**Problem description:** Gather all lines in the entries that include the word "section".

[Stored data]

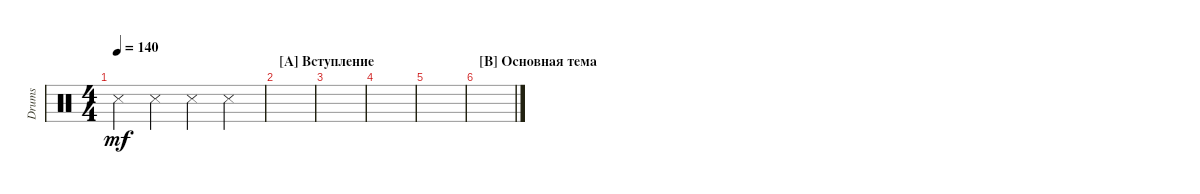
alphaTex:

\track ("Drumkit" "Drums") {instrument percussion}
\staff {score}
\articulation defaults
\ts (4 4)
\tempo 140
\clef neutral
\ks c "Snare (side stick) 3".4{dy mf} "Snare (side stick) 3".4 "Snare (side stick) 3".4 "Snare (side stick) 3".4
|
\section ("A" "Вступление")
|
|
|
|
\section ("B" "Основная тема")

**Answer to the problem:**
\section ("A" "Вступление")
\section ("B" "Основная тема")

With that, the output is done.